Все молчали — и зачарованно и озадаченно.

— Так, — протянул Волошин, глядя на рассказчика. — Любопытно... Но, позвольте, Геннадий Петрович, вы же не объяснили самого главного. Куда же подевалась команда?

— Их всех отравил кок, — зловеще объявил Геннадий и добавил ещё более мрачным тоном: — И трупы выбросил за борт. В припадке помрачения сознания. В приступе так называемого сумеречного состояния, какое бывает иногда у некоторых больных эпилепсией.

— И забыл об этом? — спросил кто-то с вертолетной площадки и недоверчиво присвистнул.

— Не верите? — Бой-Жилинский поднял над головой толстую книгу. — Я нарочно взял у судовых медиков справочник по оказанию неотложной помощи, в том числе и при острых психических заболеваниях. Вот что в нём говорится:

— «Сумеречное состояние наступает и прекращается внезапно. Внешне больные кажутся мало изменившимися, часто их деятельность остается последовательной.

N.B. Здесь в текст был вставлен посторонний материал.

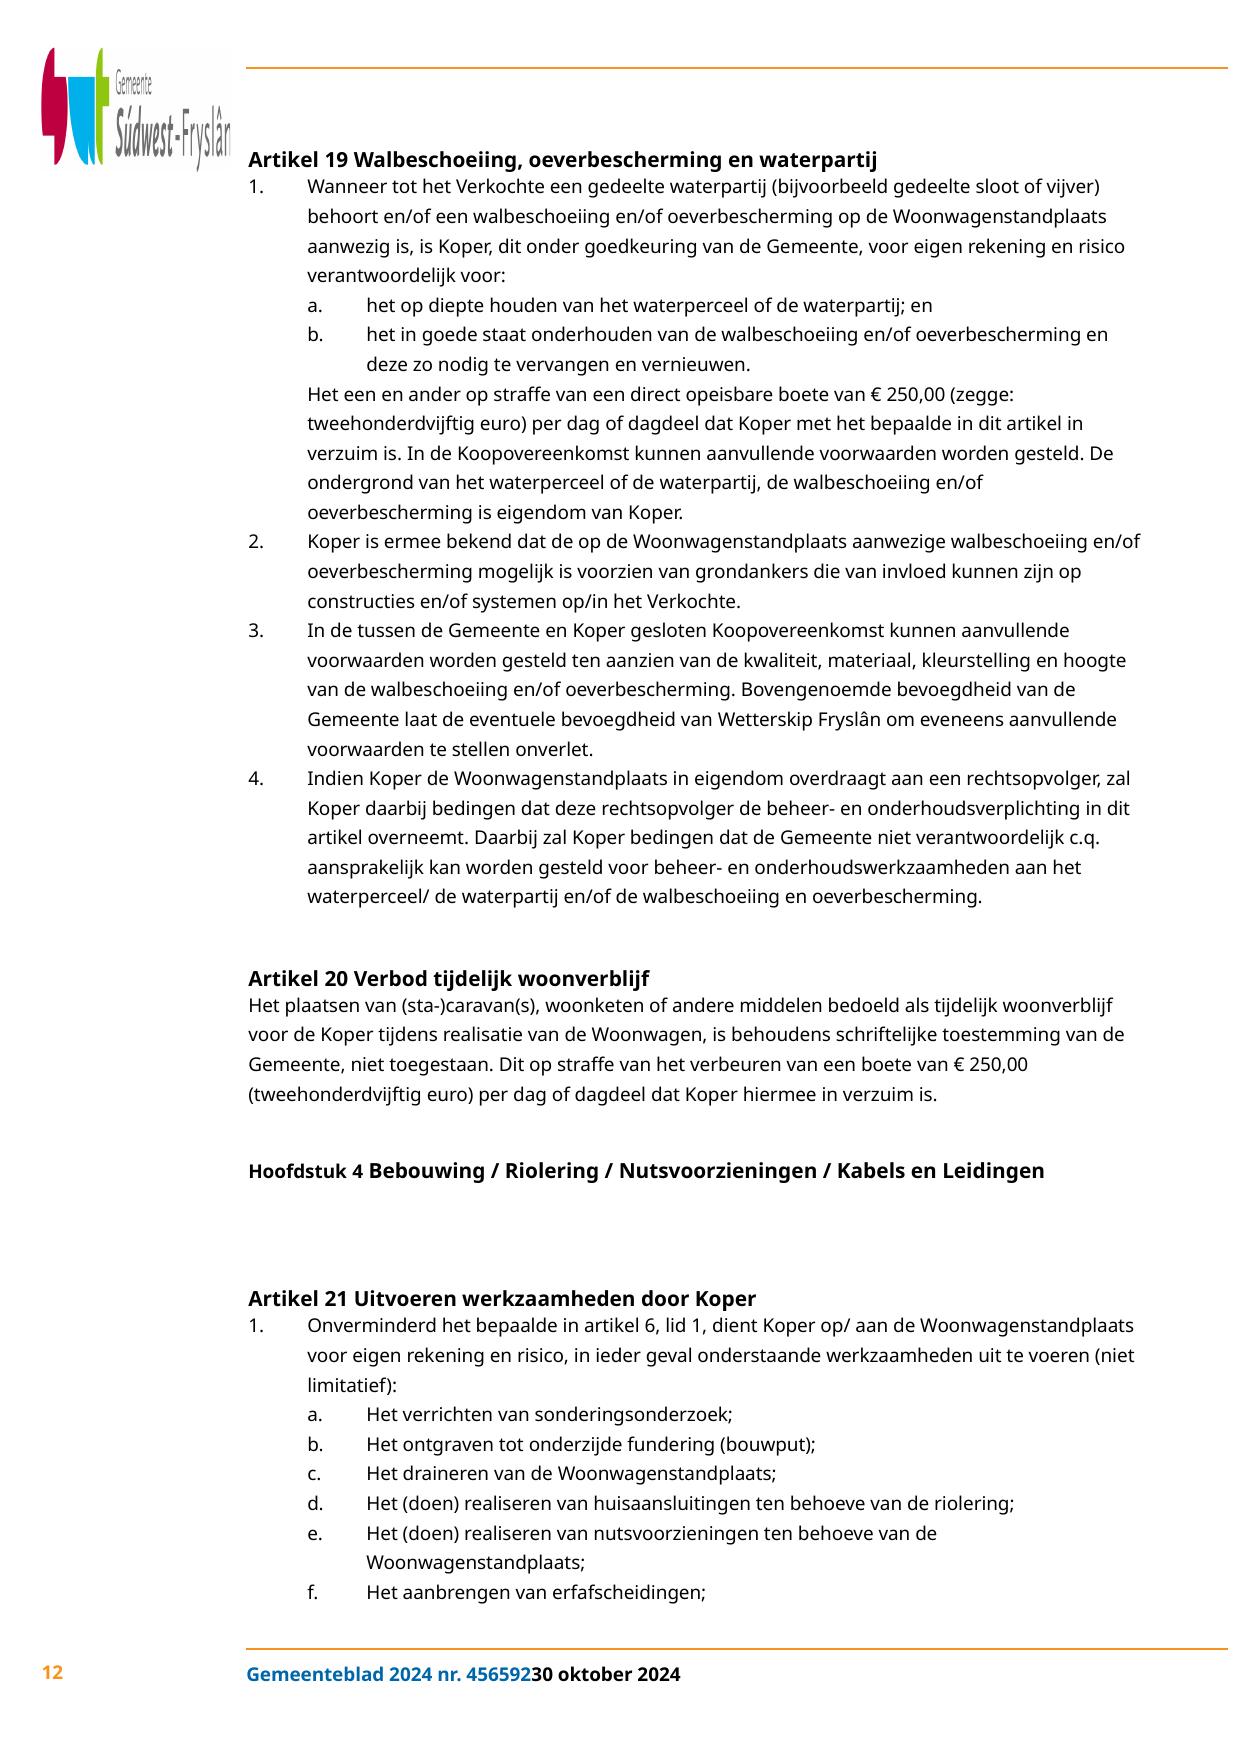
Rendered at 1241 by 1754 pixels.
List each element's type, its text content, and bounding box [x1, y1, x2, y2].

list Het (doen) realiseren van huisaansluitingen ten behoeve van de riolering; [307, 1490, 1152, 1516]
list het in goede staat onderhouden van de walbeschoeiing en/of oeverbescherming en deze zo nodig te vervangen en vernieuwen. [307, 322, 1152, 377]
list Het (doen) realiseren van nutsvoorzieningen ten behoeve van de Woonwagenstandplaats; [307, 1520, 1152, 1575]
list Onverminderd het bepaalde in artikel 6, lid 1, dient Koper op/ aan de Woonwagenstandplaats voor eigen rekening en risico, in ieder geval onderstaande werkzaamheden uit te voeren (niet limitatief): [248, 1313, 1152, 1397]
text Artikel 20 Verbod tijdelijk woonverblijf [248, 964, 1152, 992]
text Artikel 21 Uitvoeren werkzaamheden door Koper [248, 1284, 1152, 1313]
list Het ontgraven tot onderzijde fundering (bouwput); [307, 1431, 1152, 1457]
list Wanneer tot het Verkochte een gedeelte waterpartij (bijvoorbeeld gedeelte sloot of vijver) behoort en/of een walbeschoeiing en/of oeverbescherming op de Woonwagenstandplaats aanwezig is, is Koper, dit onder goedkeuring van de Gemeente, voor eigen rekening en risico verantwoordelijk voor: [248, 174, 1152, 288]
list Indien Koper de Woonwagenstandplaats in eigendom overdraagt aan een rechtsopvolger, zal Koper daarbij bedingen dat deze rechtsopvolger de beheer- en onderhoudsverplichting in dit artikel overneemt. Daarbij zal Koper bedingen dat de Gemeente niet verantwoordelijk c.q. aansprakelijk kan worden gesteld voor beheer- en onderhoudswerkzaamheden aan het waterperceel/ de waterpartij en/of de walbeschoeiing en oeverbescherming. [248, 765, 1152, 909]
list Het draineren van de Woonwagenstandplaats; [307, 1461, 1152, 1486]
list Het verrichten van sonderingsonderzoek; [307, 1401, 1152, 1427]
picture [41, 47, 231, 172]
list Koper is ermee bekend dat de op de Woonwagenstandplaats aanwezige walbeschoeiing en/of oeverbescherming mogelijk is voorzien van grondankers die van invloed kunnen zijn op constructies en/of systemen op/in het Verkochte. [248, 529, 1152, 613]
text Het plaatsen van (sta-)caravan(s), woonketen of andere middelen bedoeld als tijdelijk woonverblijf voor de Koper tijdens realisatie van de Woonwagen, is behoudens schriftelijke toestemming van de Gemeente, niet toegestaan. Dit op straffe van het verbeuren van een boete van € 250,00 (tweehonderdvijftig euro) per dag of dagdeel dat Koper hiermee in verzuim is. [248, 992, 1152, 1107]
text Artikel 19 Walbeschoeiing, oeverbescherming en waterpartij [248, 145, 1152, 174]
list het op diepte houden van het waterperceel of de waterpartij; en [307, 292, 1152, 318]
list Het een en ander op straffe van een direct opeisbare boete van € 250,00 (zegge: tweehonderdvijftig euro) per dag of dagdeel dat Koper met het bepaalde in dit artikel in verzuim is. In de Koopovereenkomst kunnen aanvullende voorwaarden worden gesteld. De ondergrond van het waterperceel of de waterpartij, de walbeschoeiing en/of oeverbescherming is eigendom van Koper. [248, 381, 1152, 525]
list Het aanbrengen van erfafscheidingen; [307, 1579, 1152, 1604]
list In de tussen de Gemeente en Koper gesloten Koopovereenkomst kunnen aanvullende voorwaarden worden gesteld ten aanzien van de kwaliteit, materiaal, kleurstelling en hoogte van de walbeschoeiing en/of oeverbescherming. Bovengenoemde bevoegdheid van de Gemeente laat de eventuele bevoegdheid van Wetterskip Fryslân om eveneens aanvullende voorwaarden te stellen onverlet. [248, 617, 1152, 761]
text Hoofdstuk 4 Bebouwing / Riolering / Nutsvoorzieningen / Kabels en Leidingen [248, 1156, 1152, 1184]
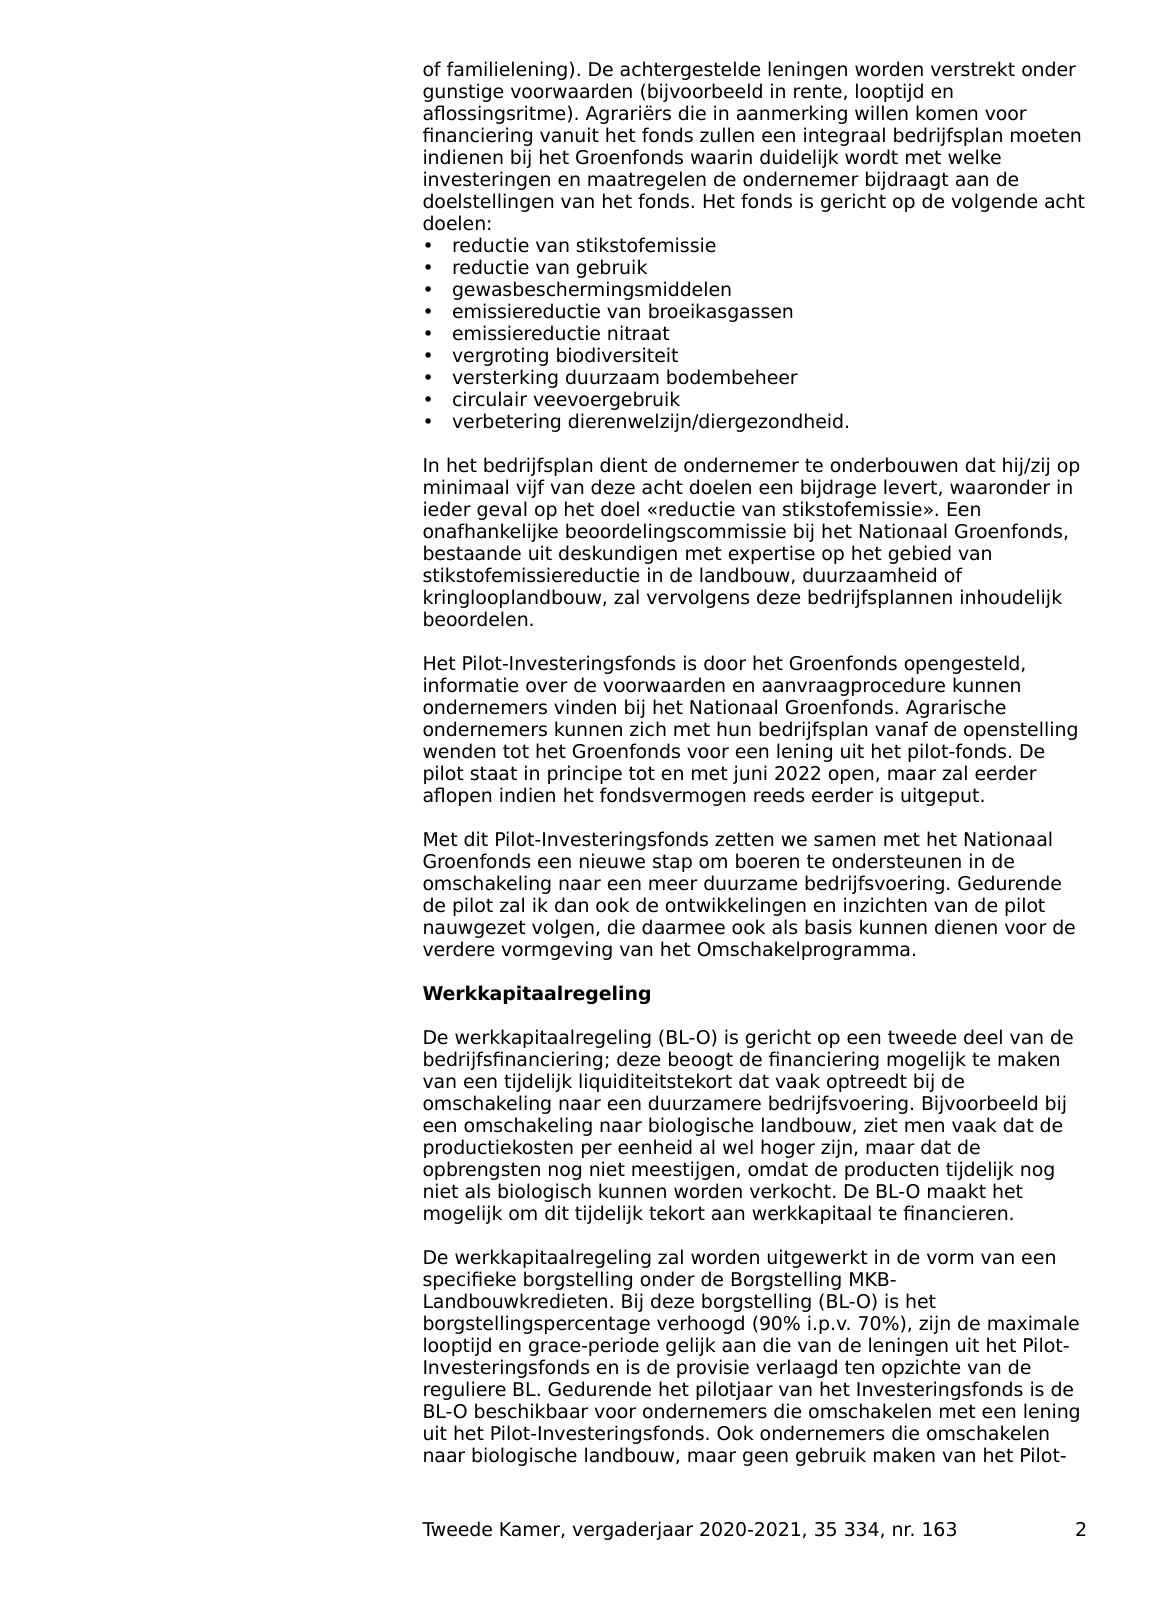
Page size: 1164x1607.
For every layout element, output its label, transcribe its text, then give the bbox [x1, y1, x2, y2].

text Met dit Pilot-Investeringsfonds zetten we samen met het Nationaal Groenfonds een nieuwe stap om boeren te ondersteunen in de omschakeling naar een meer duurzame bedrijfsvoering. Gedurende de pilot zal ik dan ook de ontwikkelingen en inzichten van de pilot nauwgezet volgen, die daarmee ook als basis kunnen dienen voor de verdere vormgeving van het Omschakelprogramma. [422, 829, 1087, 961]
text • vergroting biodiversiteit [422, 345, 1087, 367]
text • reductie van gebruik [422, 257, 1087, 279]
text of familielening). De achtergestelde leningen worden verstrekt onder gunstige voorwaarden (bijvoorbeeld in rente, looptijd en aflossingsritme). Agrariërs die in aanmerking willen komen voor financiering vanuit het fonds zullen een integraal bedrijfsplan moeten indienen bij het Groenfonds waarin duidelijk wordt met welke investeringen en maatregelen de ondernemer bijdraagt aan de doelstellingen van het fonds. Het fonds is gericht op de volgende acht doelen: [422, 59, 1087, 235]
text • verbetering dierenwelzijn/diergezondheid. [422, 411, 1087, 433]
text • reductie van stikstofemissie [422, 235, 1087, 257]
text De werkkapitaalregeling zal worden uitgewerkt in de vorm van een specifieke borgstelling onder de Borgstelling MKB-Landbouwkredieten. Bij deze borgstelling (BL-O) is het borgstellingspercentage verhoogd (90% i.p.v. 70%), zijn de maximale looptijd en grace-periode gelijk aan die van de leningen uit het Pilot-Investeringsfonds en is de provisie verlaagd ten opzichte van de reguliere BL. Gedurende het pilotjaar van het Investeringsfonds is de BL-O beschikbaar voor ondernemers die omschakelen met een lening uit het Pilot-Investeringsfonds. Ook ondernemers die omschakelen naar biologische landbouw, maar geen gebruik maken van het Pilot- [422, 1247, 1087, 1467]
text • emissiereductie nitraat [422, 323, 1087, 345]
text Het Pilot-Investeringsfonds is door het Groenfonds opengesteld, informatie over de voorwaarden en aanvraagprocedure kunnen ondernemers vinden bij het Nationaal Groenfonds. Agrarische ondernemers kunnen zich met hun bedrijfsplan vanaf de openstelling wenden tot het Groenfonds voor een lening uit het pilot-fonds. De pilot staat in principe tot en met juni 2022 open, maar zal eerder aflopen indien het fondsvermogen reeds eerder is uitgeput. [422, 653, 1087, 807]
text • gewasbeschermingsmiddelen [422, 279, 1087, 301]
text • emissiereductie van broeikasgassen [422, 301, 1087, 323]
text • circulair veevoergebruik [422, 389, 1087, 411]
subtitle Werkkapitaalregeling [422, 983, 1087, 1005]
text • versterking duurzaam bodembeheer [422, 367, 1087, 389]
text In het bedrijfsplan dient de ondernemer te onderbouwen dat hij/zij op minimaal vijf van deze acht doelen een bijdrage levert, waaronder in ieder geval op het doel «reductie van stikstofemissie». Een onafhankelijke beoordelingscommissie bij het Nationaal Groenfonds, bestaande uit deskundigen met expertise op het gebied van stikstofemissiereductie in de landbouw, duurzaamheid of kringlooplandbouw, zal vervolgens deze bedrijfsplannen inhoudelijk beoordelen. [422, 455, 1087, 631]
text De werkkapitaalregeling (BL-O) is gericht op een tweede deel van de bedrijfsfinanciering; deze beoogt de financiering mogelijk te maken van een tijdelijk liquiditeitstekort dat vaak optreedt bij de omschakeling naar een duurzamere bedrijfsvoering. Bijvoorbeeld bij een omschakeling naar biologische landbouw, ziet men vaak dat de productiekosten per eenheid al wel hoger zijn, maar dat de opbrengsten nog niet meestijgen, omdat de producten tijdelijk nog niet als biologisch kunnen worden verkocht. De BL-O maakt het mogelijk om dit tijdelijk tekort aan werkkapitaal te financieren. [422, 1027, 1087, 1225]

При таком состоянии всеми поступками больного управляет как бы другое, иное сознание, отрешенное от действительности. При сумеречном состоянии у больного могут возникать устрашающие галлюцинации. Тогда больной, как бы защищаясь от врагов, может быть опасен для окружающих. В этом состоянии больные могут совершать тяжелые преступления: поджоги, убийства, насилия и так далее, причем на окружающих они производят впечатление сознательно действующих людей.

Сумеречные состояния длятся обычно несколько часов, реже — несколько дней и затем внезапно прекращаются, часто оканчиваясь глубоким и длительным сном. Характерной их особенностью является полная амнезия: больные абсолютно ничего не помнят из происходившего с ними...»

А кого это не убеждает, могут побеседовать с нашими медиками, — добавил Геннадий, закрывая книгу. — Видите, они не выражают никаких сомнений.

В самом деле, оба наших врача — и терапевт Егоров, и хирург Березовский — молчали. И это их молчание было красноречивее любых подтверждений.